_Requirement:_ Wherever the string "percussion" occurs in a line of these records, report that line.

__________

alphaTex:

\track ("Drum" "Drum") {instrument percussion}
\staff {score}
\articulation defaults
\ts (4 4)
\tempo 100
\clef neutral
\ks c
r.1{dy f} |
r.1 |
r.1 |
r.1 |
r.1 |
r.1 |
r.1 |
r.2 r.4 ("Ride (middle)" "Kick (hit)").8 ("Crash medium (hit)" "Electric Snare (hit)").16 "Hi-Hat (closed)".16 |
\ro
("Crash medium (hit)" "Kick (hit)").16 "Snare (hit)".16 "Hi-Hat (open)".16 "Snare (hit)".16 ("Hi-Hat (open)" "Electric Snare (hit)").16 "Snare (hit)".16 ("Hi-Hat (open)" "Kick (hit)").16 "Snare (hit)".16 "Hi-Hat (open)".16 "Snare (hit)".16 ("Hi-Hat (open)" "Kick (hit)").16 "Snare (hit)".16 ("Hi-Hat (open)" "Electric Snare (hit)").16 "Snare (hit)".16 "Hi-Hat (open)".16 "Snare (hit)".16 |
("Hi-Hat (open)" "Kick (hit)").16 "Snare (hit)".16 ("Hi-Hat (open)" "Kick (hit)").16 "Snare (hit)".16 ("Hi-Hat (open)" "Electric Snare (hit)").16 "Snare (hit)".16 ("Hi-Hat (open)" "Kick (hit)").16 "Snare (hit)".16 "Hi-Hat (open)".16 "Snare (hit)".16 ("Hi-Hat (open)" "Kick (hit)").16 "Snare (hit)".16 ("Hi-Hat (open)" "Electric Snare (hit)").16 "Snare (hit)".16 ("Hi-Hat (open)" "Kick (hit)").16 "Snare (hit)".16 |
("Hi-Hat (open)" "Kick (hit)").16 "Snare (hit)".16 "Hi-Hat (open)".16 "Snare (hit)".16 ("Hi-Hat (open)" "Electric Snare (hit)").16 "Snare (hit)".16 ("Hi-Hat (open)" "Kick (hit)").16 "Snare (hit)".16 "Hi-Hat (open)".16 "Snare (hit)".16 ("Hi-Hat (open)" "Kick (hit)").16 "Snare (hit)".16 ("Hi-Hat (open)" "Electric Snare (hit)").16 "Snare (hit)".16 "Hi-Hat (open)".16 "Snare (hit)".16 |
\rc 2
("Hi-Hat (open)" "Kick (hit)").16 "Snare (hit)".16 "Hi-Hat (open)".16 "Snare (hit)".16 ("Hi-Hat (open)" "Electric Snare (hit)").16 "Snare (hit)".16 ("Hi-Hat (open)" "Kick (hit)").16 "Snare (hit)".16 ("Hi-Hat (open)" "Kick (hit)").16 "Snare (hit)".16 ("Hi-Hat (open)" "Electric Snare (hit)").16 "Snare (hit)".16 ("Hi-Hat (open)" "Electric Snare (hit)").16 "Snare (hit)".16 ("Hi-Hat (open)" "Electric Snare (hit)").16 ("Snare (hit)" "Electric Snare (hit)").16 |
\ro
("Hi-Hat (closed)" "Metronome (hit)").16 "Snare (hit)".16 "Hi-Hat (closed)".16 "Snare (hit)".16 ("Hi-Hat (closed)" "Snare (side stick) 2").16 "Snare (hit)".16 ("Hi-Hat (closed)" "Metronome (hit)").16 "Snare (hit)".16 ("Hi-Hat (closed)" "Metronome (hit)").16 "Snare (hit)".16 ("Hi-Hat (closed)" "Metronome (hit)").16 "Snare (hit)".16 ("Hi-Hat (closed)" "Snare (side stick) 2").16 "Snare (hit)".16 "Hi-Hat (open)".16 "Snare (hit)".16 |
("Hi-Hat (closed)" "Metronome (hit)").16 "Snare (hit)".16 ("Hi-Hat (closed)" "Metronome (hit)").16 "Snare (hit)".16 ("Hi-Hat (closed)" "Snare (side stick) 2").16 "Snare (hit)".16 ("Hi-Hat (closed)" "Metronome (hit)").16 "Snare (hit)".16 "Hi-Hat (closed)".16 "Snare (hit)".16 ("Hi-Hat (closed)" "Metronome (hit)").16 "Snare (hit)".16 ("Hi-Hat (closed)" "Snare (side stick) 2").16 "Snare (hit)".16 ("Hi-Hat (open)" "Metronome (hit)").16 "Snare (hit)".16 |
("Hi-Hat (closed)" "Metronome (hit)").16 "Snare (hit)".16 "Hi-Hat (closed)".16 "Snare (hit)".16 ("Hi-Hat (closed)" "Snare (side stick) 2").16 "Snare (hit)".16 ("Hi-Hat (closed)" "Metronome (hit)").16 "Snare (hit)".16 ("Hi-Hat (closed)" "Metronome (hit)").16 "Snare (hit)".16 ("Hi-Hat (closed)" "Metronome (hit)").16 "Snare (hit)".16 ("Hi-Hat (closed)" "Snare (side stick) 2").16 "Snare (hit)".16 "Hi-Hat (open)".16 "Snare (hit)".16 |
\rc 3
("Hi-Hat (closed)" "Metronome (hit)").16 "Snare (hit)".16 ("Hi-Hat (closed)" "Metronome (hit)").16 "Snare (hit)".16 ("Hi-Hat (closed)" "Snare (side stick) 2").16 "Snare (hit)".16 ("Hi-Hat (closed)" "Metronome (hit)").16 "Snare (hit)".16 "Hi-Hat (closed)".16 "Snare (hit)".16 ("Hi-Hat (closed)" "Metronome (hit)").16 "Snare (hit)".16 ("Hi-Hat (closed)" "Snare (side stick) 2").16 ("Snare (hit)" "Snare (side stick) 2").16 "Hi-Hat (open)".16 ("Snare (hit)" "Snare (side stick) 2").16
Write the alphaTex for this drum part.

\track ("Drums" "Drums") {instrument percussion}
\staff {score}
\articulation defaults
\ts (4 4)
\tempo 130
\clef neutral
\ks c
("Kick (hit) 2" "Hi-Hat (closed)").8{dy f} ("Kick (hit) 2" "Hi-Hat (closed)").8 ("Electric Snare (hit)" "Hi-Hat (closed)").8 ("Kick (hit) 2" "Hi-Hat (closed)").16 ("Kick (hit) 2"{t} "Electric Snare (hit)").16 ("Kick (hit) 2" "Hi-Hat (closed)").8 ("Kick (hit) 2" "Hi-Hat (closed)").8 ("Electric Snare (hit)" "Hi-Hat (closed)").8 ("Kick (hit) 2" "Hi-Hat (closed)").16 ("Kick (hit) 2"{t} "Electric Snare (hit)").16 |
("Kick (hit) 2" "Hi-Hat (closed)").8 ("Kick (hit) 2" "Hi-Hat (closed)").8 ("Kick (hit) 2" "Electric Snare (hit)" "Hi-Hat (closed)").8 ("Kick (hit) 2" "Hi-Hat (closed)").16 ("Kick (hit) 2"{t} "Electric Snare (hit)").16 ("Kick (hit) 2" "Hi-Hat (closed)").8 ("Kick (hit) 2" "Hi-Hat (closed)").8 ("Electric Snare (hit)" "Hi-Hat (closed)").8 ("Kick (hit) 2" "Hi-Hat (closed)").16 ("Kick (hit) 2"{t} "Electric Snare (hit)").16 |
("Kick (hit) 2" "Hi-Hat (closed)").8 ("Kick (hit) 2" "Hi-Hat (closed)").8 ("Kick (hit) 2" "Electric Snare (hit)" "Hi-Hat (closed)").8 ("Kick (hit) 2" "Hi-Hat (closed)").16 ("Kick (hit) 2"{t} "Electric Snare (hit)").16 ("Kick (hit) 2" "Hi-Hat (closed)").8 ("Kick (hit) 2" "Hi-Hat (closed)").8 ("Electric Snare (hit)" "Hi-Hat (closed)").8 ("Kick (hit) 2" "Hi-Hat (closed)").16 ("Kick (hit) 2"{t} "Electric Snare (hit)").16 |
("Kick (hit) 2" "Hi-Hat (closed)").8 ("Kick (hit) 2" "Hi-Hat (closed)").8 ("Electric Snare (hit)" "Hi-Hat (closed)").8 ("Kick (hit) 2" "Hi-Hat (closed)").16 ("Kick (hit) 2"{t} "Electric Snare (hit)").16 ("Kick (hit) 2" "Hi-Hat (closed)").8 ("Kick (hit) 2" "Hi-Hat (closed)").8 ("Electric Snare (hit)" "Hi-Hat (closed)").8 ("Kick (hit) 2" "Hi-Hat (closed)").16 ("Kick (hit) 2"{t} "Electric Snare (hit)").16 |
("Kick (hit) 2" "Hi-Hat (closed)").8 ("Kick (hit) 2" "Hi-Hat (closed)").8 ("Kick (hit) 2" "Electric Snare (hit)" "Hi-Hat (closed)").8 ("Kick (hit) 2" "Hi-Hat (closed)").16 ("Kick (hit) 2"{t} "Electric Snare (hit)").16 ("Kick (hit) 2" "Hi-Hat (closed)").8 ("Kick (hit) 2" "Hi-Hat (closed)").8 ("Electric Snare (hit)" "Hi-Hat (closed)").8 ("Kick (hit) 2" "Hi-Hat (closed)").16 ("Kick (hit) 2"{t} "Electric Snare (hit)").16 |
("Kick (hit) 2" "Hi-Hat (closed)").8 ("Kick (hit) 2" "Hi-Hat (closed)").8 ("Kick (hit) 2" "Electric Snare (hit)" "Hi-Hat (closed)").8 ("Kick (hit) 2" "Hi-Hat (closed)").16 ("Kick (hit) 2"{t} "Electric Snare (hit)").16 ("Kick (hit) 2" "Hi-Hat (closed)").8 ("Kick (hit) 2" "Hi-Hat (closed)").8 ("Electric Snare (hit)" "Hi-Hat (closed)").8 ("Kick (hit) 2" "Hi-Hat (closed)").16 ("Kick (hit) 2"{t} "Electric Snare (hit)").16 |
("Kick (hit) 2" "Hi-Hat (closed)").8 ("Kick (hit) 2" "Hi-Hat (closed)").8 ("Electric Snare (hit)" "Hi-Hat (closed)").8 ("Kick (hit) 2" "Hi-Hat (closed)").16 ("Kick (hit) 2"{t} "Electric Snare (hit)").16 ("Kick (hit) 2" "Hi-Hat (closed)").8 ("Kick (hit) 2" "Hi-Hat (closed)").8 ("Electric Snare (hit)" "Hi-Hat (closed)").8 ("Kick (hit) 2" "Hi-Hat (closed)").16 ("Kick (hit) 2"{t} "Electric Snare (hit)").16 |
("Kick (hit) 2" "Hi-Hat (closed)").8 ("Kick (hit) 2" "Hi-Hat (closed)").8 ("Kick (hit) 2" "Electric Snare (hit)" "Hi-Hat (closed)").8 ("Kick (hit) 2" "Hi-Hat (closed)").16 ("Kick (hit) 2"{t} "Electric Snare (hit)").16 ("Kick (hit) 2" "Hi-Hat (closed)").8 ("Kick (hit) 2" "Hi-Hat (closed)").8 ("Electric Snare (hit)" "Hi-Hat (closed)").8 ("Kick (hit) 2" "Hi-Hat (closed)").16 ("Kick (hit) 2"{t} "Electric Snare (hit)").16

__________

_Finished task:_
\track ("Drum" "Drum") {instrument percussion}
\track ("Drums" "Drums") {instrument percussion}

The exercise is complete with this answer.